Come ricorda l’agenzia Sir, martedì 4 settembre il presidente Donald Trump ha affidato al ministro della giustizia Jeff Sessions l`annuncio dell’abrogazione del provvedimento, che consentiva ai cosidetti “Dreamers”, i giovani arrivati negli Usa come minori dal giugno 2007 e che al 2012 non avessero compiuto 31 anni, di usufruire di un permesso biennale rinnovabile per motivi di studio o di lavoro.
Il Dipartimento per la sicurezza nazionale si impegnava, inoltre, a non deportare i giovani autorizzati, a meno che non commettessero delitti. Ora il Congresso avrà sei mesi di tempo per definire una nuova legislazione che eviti il rimpatrio di circa 780mila tra studenti e lavoratori.

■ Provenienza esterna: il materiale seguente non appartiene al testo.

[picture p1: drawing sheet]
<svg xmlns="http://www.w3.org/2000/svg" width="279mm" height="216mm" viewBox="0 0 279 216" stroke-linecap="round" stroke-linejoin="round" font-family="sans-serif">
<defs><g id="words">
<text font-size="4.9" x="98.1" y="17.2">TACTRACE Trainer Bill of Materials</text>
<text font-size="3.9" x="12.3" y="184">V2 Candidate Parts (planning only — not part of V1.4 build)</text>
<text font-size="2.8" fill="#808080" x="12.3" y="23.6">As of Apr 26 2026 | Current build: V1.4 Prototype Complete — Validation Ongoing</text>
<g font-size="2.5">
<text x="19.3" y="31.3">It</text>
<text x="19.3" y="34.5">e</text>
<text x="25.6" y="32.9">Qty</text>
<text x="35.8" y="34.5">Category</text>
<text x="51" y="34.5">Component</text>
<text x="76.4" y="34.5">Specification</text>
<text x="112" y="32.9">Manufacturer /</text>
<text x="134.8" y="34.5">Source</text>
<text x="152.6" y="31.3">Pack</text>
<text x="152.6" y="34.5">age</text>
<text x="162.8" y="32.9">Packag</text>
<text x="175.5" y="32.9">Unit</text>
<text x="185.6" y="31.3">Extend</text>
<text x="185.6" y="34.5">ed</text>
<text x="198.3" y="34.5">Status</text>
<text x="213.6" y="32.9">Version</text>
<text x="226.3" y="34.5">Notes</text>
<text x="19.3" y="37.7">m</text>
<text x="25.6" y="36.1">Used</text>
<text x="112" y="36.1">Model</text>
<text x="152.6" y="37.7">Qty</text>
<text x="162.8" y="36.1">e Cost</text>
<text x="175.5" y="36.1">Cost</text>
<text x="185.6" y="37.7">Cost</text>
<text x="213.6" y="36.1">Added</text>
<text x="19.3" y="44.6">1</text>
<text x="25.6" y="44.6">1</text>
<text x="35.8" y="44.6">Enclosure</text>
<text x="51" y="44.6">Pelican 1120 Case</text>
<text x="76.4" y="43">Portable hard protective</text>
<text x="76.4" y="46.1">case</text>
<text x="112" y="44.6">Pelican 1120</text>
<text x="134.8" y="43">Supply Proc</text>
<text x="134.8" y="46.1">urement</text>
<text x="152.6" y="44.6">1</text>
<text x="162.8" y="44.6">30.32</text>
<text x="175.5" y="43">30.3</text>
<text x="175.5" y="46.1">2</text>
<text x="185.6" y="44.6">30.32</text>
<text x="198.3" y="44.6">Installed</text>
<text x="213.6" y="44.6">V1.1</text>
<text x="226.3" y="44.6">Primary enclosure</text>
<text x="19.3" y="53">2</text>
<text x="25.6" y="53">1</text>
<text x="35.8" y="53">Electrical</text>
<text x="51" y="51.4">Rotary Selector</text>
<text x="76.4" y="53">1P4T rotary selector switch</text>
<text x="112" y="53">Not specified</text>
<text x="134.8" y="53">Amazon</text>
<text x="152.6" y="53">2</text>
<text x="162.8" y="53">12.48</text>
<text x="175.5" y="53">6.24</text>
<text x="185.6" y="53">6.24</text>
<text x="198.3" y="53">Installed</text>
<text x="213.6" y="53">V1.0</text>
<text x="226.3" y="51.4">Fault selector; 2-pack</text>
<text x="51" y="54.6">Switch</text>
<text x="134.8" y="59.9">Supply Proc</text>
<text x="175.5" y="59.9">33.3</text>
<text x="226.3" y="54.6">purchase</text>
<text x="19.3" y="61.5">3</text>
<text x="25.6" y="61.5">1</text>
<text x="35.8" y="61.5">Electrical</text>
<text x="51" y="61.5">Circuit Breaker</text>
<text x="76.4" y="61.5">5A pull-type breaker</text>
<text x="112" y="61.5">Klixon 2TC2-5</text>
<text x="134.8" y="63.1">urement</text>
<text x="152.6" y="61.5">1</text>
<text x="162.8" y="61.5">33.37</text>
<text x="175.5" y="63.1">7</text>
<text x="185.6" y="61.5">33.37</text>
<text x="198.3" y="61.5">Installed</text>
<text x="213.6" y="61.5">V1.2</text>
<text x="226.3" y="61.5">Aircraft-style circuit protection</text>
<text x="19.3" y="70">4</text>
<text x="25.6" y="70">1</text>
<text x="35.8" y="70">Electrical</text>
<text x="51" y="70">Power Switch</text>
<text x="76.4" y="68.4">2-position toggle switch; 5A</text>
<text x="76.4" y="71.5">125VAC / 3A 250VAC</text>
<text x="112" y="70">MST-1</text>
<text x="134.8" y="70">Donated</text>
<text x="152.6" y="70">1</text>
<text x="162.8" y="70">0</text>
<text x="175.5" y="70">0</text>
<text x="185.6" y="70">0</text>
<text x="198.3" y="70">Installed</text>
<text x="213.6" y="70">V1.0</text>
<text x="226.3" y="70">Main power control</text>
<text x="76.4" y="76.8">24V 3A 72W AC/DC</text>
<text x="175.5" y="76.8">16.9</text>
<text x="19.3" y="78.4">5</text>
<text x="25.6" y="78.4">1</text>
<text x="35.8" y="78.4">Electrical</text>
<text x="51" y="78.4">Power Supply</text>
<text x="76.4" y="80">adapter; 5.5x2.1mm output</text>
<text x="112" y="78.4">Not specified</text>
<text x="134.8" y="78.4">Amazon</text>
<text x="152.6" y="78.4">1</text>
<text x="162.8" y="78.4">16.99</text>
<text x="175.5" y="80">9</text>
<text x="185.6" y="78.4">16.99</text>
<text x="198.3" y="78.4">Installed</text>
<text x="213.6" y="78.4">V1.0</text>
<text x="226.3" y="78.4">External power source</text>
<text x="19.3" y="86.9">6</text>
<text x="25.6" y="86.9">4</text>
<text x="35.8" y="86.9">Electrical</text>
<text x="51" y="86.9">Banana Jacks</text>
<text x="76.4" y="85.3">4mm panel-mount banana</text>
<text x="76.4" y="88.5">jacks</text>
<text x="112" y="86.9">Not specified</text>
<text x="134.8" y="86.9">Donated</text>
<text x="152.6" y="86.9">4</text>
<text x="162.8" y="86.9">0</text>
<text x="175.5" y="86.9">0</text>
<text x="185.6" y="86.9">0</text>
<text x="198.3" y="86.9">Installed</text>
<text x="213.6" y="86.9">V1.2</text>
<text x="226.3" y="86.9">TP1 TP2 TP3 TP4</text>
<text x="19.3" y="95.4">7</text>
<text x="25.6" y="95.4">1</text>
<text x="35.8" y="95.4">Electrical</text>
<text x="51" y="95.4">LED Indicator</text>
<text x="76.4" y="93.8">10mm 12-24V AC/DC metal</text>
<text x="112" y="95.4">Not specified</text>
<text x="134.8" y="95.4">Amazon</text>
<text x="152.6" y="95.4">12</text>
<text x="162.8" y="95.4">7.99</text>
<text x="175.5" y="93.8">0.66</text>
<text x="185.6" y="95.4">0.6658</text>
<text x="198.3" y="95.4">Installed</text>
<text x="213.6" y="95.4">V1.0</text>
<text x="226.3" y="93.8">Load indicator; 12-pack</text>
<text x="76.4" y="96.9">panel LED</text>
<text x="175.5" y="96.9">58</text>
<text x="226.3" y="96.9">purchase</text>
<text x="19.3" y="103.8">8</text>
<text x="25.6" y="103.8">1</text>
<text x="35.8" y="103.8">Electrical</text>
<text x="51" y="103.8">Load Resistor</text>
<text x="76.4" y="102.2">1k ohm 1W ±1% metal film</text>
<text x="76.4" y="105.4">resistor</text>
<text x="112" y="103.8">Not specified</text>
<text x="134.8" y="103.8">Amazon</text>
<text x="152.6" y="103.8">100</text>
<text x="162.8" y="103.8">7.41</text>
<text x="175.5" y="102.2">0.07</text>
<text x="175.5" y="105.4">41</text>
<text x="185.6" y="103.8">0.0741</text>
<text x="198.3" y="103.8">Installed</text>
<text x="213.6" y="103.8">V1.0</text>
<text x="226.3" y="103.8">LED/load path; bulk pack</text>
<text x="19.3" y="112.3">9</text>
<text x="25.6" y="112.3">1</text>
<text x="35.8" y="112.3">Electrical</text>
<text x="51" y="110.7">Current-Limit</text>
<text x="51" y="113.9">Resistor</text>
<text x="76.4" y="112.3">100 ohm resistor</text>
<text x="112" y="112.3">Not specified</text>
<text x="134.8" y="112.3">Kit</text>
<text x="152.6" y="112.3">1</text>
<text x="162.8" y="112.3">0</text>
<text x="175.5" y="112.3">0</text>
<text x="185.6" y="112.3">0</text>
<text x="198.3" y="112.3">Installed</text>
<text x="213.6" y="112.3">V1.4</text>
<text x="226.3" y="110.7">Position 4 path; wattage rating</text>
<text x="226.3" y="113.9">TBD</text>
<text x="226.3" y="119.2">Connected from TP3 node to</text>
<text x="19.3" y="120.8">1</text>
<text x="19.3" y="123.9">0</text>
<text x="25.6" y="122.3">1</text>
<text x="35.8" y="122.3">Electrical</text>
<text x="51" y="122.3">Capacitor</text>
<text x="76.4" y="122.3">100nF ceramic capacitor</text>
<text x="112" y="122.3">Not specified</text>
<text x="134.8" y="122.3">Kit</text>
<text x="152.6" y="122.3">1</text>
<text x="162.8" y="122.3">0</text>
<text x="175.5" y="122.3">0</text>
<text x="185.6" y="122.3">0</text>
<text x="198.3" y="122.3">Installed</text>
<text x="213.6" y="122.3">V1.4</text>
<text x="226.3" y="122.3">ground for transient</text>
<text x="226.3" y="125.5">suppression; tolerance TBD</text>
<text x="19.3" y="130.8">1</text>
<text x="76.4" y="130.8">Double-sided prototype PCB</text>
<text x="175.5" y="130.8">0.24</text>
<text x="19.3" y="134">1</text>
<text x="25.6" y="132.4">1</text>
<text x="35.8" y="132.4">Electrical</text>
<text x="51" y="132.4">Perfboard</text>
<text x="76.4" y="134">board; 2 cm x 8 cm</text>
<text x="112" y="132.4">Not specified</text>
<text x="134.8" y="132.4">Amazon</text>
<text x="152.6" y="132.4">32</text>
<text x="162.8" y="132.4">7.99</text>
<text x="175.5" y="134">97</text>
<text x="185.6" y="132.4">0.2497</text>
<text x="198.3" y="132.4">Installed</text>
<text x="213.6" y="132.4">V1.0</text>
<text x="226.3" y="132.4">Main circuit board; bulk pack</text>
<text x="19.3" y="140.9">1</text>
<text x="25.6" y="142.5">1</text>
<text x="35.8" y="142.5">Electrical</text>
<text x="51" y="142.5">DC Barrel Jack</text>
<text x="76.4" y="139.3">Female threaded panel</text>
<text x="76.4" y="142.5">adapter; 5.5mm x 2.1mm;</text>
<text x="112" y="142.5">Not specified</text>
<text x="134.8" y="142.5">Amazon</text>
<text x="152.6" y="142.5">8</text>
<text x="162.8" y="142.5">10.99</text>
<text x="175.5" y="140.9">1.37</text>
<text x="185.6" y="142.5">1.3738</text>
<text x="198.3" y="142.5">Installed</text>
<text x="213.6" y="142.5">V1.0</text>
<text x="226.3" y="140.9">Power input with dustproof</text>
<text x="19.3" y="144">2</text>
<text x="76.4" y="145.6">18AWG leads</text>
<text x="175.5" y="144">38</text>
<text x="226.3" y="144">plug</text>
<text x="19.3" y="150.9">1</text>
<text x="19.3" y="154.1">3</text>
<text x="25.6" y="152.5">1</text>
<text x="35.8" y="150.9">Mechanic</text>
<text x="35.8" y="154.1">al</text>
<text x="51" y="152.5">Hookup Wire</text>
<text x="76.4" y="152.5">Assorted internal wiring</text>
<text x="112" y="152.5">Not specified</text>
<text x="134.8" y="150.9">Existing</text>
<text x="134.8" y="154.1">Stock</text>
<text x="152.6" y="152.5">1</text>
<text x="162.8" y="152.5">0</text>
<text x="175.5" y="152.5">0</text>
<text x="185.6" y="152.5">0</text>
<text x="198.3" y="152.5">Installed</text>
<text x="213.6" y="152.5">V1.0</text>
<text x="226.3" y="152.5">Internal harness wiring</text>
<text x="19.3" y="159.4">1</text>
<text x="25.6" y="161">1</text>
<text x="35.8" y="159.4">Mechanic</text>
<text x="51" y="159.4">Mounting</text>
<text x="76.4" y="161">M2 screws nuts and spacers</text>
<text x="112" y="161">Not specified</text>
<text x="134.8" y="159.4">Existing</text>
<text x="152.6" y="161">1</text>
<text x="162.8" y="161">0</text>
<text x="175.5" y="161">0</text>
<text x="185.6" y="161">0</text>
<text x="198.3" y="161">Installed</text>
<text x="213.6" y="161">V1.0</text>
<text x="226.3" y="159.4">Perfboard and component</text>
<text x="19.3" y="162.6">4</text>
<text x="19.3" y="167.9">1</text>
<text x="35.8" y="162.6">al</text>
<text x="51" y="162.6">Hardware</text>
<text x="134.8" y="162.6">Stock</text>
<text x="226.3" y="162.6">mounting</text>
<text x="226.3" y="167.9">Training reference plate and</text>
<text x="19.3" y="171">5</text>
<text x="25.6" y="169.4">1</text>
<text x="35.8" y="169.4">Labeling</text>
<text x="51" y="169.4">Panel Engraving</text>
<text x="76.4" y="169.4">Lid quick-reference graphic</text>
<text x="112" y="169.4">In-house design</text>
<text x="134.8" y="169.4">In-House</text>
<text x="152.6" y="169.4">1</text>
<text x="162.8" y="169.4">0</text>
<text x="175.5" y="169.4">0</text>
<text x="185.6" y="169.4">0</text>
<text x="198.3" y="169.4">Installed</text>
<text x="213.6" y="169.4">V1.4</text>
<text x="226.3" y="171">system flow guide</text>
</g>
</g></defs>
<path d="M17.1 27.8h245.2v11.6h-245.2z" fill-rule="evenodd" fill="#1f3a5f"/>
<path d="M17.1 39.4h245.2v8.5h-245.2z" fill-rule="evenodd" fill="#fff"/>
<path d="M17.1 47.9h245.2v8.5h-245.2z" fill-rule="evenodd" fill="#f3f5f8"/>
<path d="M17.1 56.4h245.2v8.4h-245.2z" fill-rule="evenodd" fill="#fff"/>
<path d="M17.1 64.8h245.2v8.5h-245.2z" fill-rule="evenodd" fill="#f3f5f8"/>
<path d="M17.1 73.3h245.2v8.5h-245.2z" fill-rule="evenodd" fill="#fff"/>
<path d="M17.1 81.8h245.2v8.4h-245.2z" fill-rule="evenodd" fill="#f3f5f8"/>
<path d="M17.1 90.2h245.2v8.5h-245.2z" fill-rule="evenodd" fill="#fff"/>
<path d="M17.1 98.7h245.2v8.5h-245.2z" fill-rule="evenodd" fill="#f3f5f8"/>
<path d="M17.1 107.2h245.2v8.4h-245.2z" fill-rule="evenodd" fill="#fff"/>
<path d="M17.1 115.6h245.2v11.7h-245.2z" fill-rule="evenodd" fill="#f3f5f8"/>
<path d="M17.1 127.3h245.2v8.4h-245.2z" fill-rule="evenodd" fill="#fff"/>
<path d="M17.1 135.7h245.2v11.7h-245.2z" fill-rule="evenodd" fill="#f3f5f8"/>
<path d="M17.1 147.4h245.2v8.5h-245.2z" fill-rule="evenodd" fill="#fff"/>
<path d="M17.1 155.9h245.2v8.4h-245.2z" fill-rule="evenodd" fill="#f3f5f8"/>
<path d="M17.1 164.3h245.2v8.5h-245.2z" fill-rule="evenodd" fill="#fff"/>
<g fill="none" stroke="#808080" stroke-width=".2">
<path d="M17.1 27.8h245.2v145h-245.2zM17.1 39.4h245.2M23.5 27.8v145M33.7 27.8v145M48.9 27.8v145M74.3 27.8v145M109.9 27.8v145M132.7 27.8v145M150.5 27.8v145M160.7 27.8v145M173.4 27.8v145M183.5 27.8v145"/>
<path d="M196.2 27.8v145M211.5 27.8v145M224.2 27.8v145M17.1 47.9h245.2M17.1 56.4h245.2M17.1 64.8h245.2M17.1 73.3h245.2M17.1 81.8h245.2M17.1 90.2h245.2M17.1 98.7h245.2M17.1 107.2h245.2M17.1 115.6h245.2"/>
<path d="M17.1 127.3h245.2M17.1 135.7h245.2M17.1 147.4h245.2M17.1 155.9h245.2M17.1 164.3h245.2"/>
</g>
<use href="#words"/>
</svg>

La Chiesa Usa ha dichiarato la sua disponibilità a supportare i giovani colpiti dalla decisione presidenziale “qualunque sia il loro stato di immigrazione” e ha voluto precisare, contro le false notizie in circolazione, che i beneficiari del programma non hanno ricevuto aiuti governativi o status giuridici particolari ma semplicemente sono stati autorizzati temporaneamente a lavorare e studiare negli Usa, rinunciando in tal modo alla deportazione.
La dichiarazione congiunta firmata dal presidente della Conferenza episcopale DiNardo, dall`arcivescovo di Los Angeles, Gomez, dal presidente della Commissione delle migrazioni Vásquez e da mons. Tyson, presidente della sottocommissione per la cura pastorale dei migranti, non fa sconti alle scelte politiche delle ultime ore e precisa che “la cancellazione del programma è indebita, provoca paure inutili nei giovani e nelle famiglie” e non riconosce il contributo alla società statunitense dato da questi ragazzi che” continuano a lavorare e a servire il Paese anche attraverso il servizio militare”.
I presuli concludono spiegando che la “decisione non riflette chi siamo come americani” e che “la nostra nazione ha agito in modo contrario alla Scrittura soprattutto nel passo che chiede di accogliere i bambini nel nome di Gesù”. L`auspicio dei vescovi è che il Congresso agisca con immediatezza verso una soluzione legislativa che impedisca di fatto il rimpatrio di migliaia di giovani “che sono intrecciati al tessuto della nostra Chiesa e della nostra società e che dal punto di vista sociale e umano, sono giovani americani”.